==== Dataset ====
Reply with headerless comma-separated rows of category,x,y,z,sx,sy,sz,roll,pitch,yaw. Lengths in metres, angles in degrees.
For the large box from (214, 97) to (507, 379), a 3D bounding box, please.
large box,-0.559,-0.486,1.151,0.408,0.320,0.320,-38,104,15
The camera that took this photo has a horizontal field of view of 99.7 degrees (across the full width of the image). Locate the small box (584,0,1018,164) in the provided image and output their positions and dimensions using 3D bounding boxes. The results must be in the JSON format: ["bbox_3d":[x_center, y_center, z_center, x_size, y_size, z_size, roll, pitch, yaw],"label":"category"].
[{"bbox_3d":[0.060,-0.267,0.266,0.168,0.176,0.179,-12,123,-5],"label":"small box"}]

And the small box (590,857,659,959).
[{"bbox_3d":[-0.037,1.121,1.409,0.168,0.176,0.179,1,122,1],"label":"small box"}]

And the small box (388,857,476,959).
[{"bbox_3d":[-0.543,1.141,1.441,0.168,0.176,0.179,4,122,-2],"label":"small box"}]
====
Take the entries and copy them out exactly.

Reply with headerless comma-separated rows of category,x,y,z,sx,sy,sz,roll,pitch,yaw. Lengths in metres, angles in degrees.
For the large box from (214, 97) to (507, 379), a 3D bounding box, please.
large box,-0.559,-0.486,1.151,0.408,0.320,0.320,-38,104,15
The camera that took this photo has a horizontal field of view of 99.7 degrees (across the full width of the image). Locate the small box (584,0,1018,164) in the provided image and output their positions and dimensions using 3D bounding boxes. The results must be in the JSON format: ["bbox_3d":[x_center, y_center, z_center, x_size, y_size, z_size, roll, pitch, yaw],"label":"category"].
[{"bbox_3d":[0.060,-0.267,0.266,0.168,0.176,0.179,-12,123,-5],"label":"small box"}]

And the small box (590,857,659,959).
[{"bbox_3d":[-0.037,1.121,1.409,0.168,0.176,0.179,1,122,1],"label":"small box"}]

And the small box (388,857,476,959).
[{"bbox_3d":[-0.543,1.141,1.441,0.168,0.176,0.179,4,122,-2],"label":"small box"}]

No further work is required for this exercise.